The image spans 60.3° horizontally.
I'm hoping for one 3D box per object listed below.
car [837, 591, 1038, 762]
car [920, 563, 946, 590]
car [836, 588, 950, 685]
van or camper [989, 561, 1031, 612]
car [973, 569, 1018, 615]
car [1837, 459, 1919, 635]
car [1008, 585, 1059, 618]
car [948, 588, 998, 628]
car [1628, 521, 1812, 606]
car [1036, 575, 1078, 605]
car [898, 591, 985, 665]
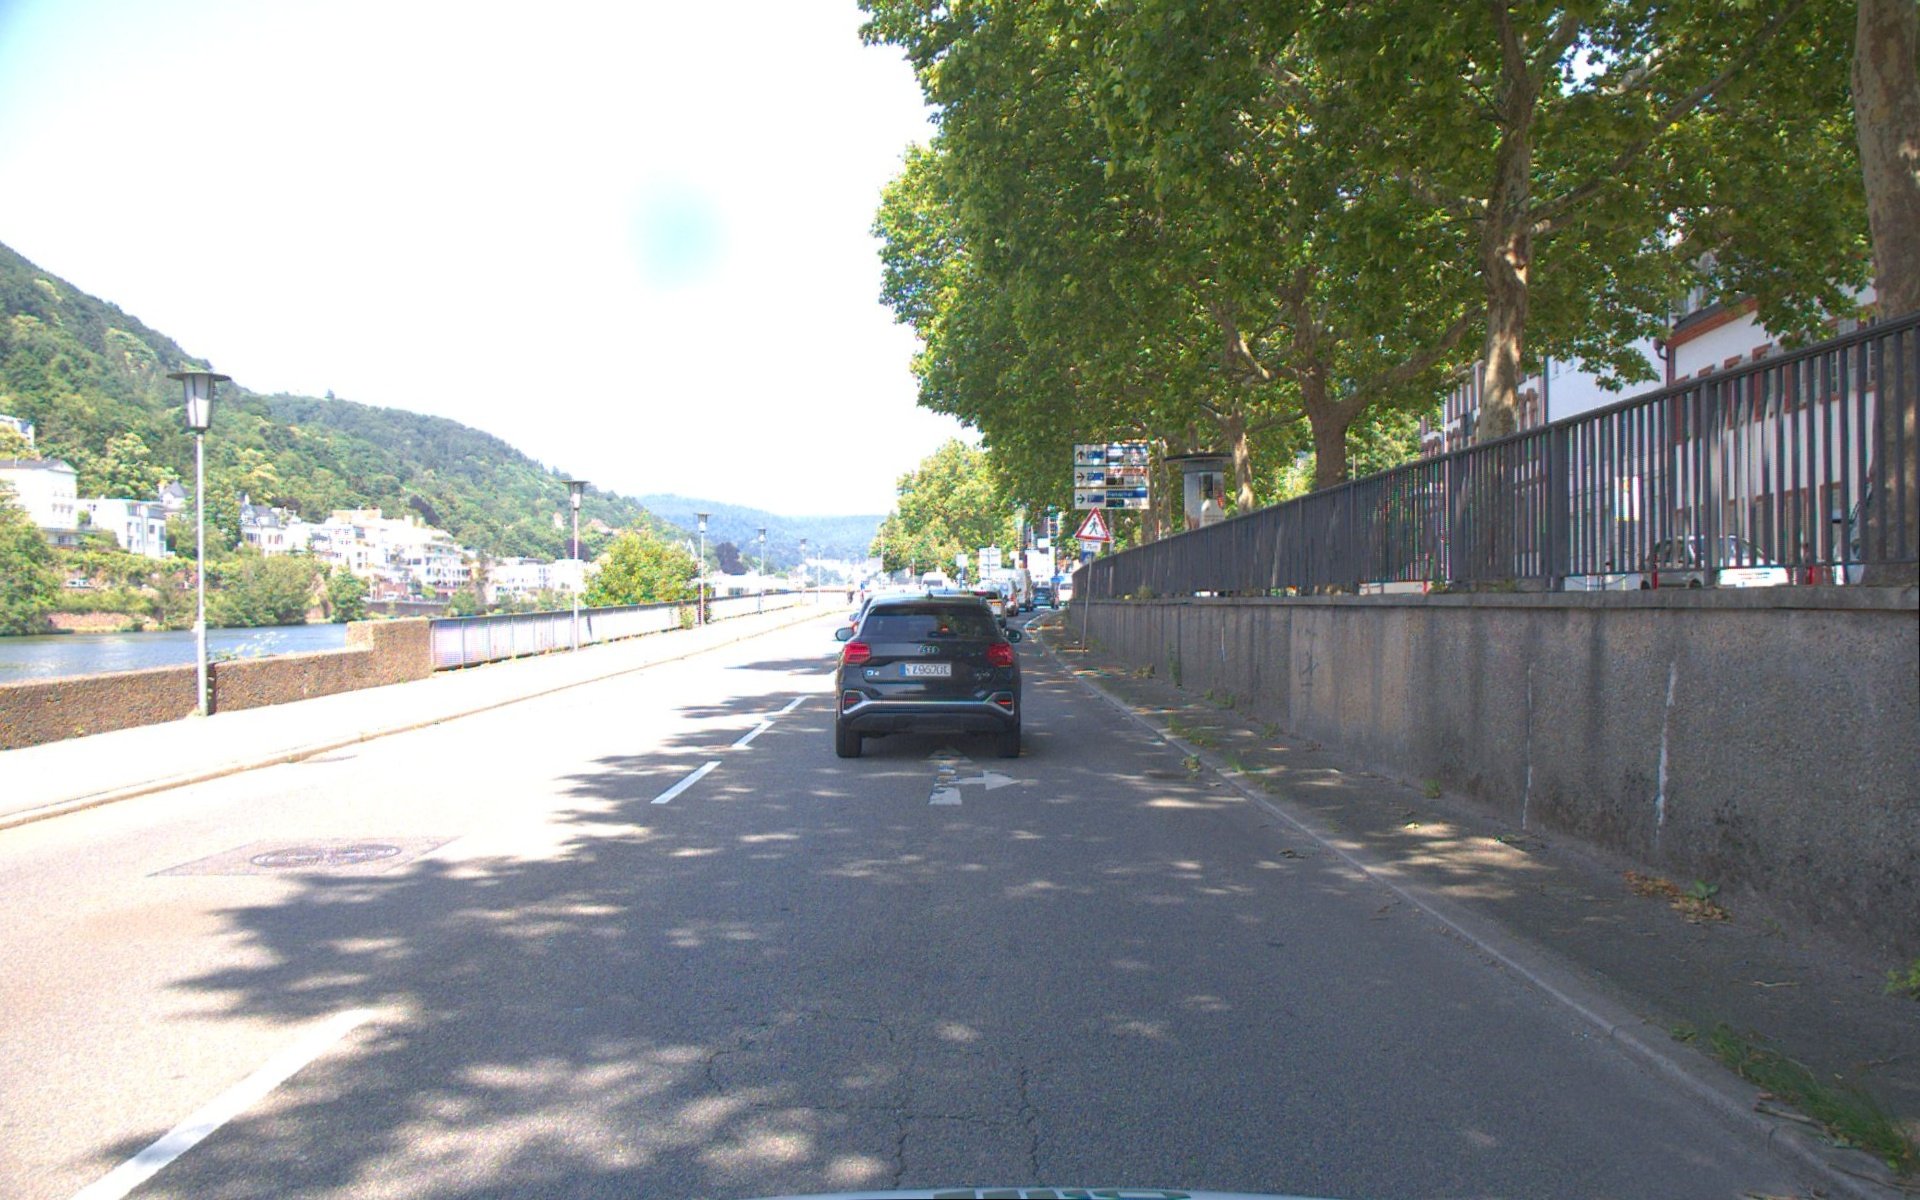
[{"bbox_3d":[-0.241,0.678,16.763,1.791,1.512,3.999,0,0,-1],"label":"car"},{"bbox_3d":[-2.214,-1.942,135.883,1.953,2.048,3.999,-3,0,-1],"label":"car"},{"bbox_3d":[-1.104,0.569,28.246,1.791,1.537,3.999,0,0,-1],"label":"car"},{"bbox_3d":[2.990,-0.793,99.731,2.263,2.896,4.246,-3,0,1],"label":"van or camper"},{"bbox_3d":[1.883,-0.431,86.190,1.952,2.207,4.003,-3,0,5],"label":"car"},{"bbox_3d":[9.341,-0.453,15.707,1.740,1.495,3.995,0,0,27],"label":"car"},{"bbox_3d":[5.062,0.090,115.015,3.036,2.048,5.823,-3,0,-1],"label":"car"},{"bbox_3d":[0.480,0.280,63.540,1.791,1.470,3.999,0,0,-1],"label":"car"},{"bbox_3d":[14.706,-0.688,32.237,1.835,1.452,3.718,-3,0,0],"label":"car"},{"bbox_3d":[7.441,-0.760,127.526,2.608,2.048,5.823,-3,0,-1],"label":"car"},{"bbox_3d":[-0.425,0.568,35.987,1.791,1.512,3.999,0,0,-1],"label":"car"}]

EXERCISE GOAL: With the images omitted, return the full material exactly.

SOLUTION TO THIS EXERCISE:
The image spans 60.3° horizontally.
I'm hoping for one 3D box per object listed below.
car [837, 591, 1038, 762]
car [920, 563, 946, 590]
car [836, 588, 950, 685]
van or camper [989, 561, 1031, 612]
car [973, 569, 1018, 615]
car [1837, 459, 1919, 635]
car [1008, 585, 1059, 618]
car [948, 588, 998, 628]
car [1628, 521, 1812, 606]
car [1036, 575, 1078, 605]
car [898, 591, 985, 665]
[{"bbox_3d":[-0.241,0.678,16.763,1.791,1.512,3.999,0,0,-1],"label":"car"},{"bbox_3d":[-2.214,-1.942,135.883,1.953,2.048,3.999,-3,0,-1],"label":"car"},{"bbox_3d":[-1.104,0.569,28.246,1.791,1.537,3.999,0,0,-1],"label":"car"},{"bbox_3d":[2.990,-0.793,99.731,2.263,2.896,4.246,-3,0,1],"label":"van or camper"},{"bbox_3d":[1.883,-0.431,86.190,1.952,2.207,4.003,-3,0,5],"label":"car"},{"bbox_3d":[9.341,-0.453,15.707,1.740,1.495,3.995,0,0,27],"label":"car"},{"bbox_3d":[5.062,0.090,115.015,3.036,2.048,5.823,-3,0,-1],"label":"car"},{"bbox_3d":[0.480,0.280,63.540,1.791,1.470,3.999,0,0,-1],"label":"car"},{"bbox_3d":[14.706,-0.688,32.237,1.835,1.452,3.718,-3,0,0],"label":"car"},{"bbox_3d":[7.441,-0.760,127.526,2.608,2.048,5.823,-3,0,-1],"label":"car"},{"bbox_3d":[-0.425,0.568,35.987,1.791,1.512,3.999,0,0,-1],"label":"car"}]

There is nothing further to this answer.